### Your task
Hunt through the lines below for the string "bude" and copy each one that has it.

### Records contained in a dataset
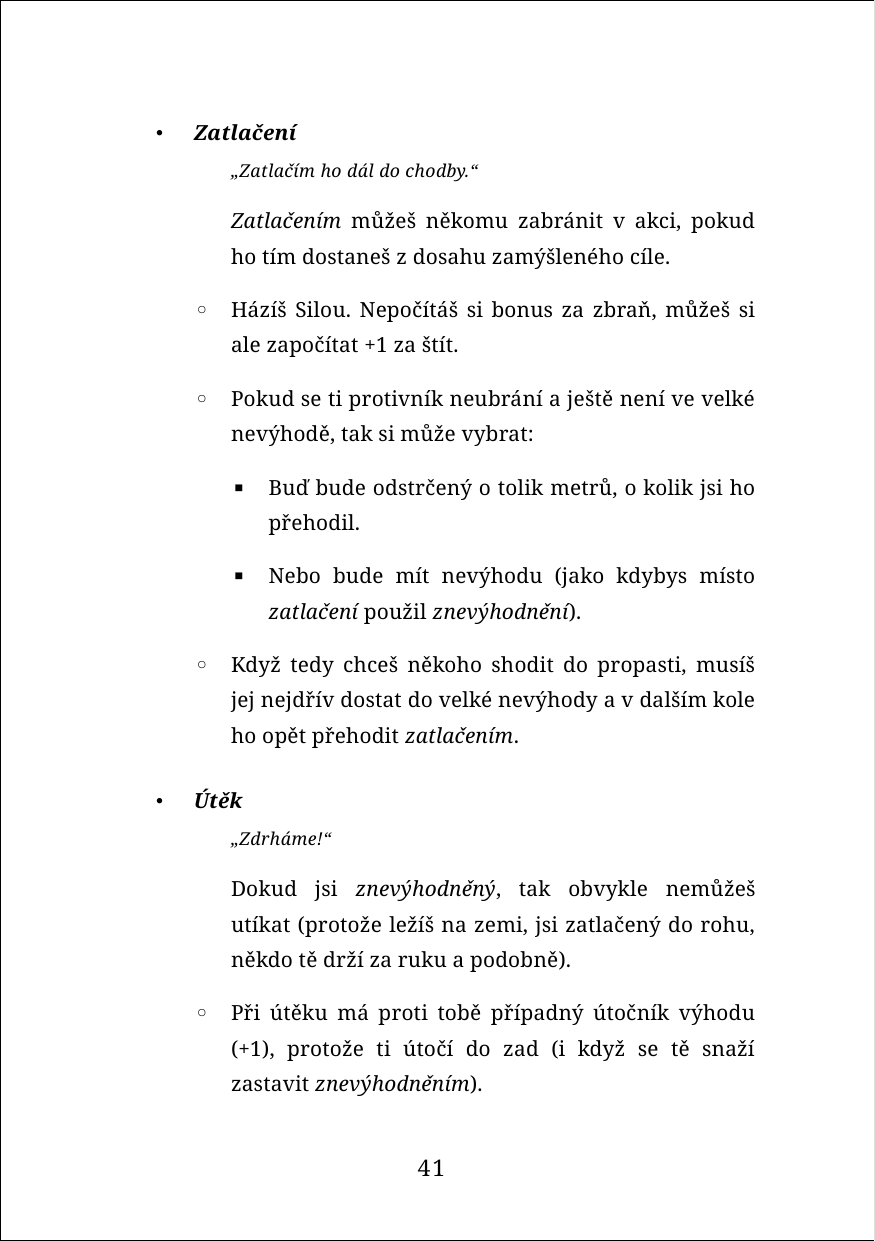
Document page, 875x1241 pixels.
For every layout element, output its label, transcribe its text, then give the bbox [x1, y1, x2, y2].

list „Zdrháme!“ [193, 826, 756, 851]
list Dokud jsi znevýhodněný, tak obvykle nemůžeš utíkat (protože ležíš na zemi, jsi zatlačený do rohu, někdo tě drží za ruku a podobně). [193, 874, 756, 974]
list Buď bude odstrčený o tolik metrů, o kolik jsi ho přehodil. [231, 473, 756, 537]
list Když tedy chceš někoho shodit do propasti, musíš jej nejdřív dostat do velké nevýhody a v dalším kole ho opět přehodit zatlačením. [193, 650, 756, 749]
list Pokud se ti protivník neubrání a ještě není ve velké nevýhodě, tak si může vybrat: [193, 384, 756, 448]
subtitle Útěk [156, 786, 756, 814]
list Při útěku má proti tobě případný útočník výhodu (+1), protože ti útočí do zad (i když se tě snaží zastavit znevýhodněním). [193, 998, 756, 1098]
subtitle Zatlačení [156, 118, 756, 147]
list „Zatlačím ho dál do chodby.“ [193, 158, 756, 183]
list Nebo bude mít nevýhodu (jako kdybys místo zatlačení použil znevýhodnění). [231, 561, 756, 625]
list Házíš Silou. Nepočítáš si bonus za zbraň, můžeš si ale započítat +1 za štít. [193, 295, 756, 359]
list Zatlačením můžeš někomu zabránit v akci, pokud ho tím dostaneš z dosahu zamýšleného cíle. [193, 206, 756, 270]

### Response to this exercise
list Buď bude odstrčený o tolik metrů, o kolik jsi ho přehodil. [231, 473, 756, 537]
list Nebo bude mít nevýhodu (jako kdybys místo zatlačení použil znevýhodnění). [231, 561, 756, 625]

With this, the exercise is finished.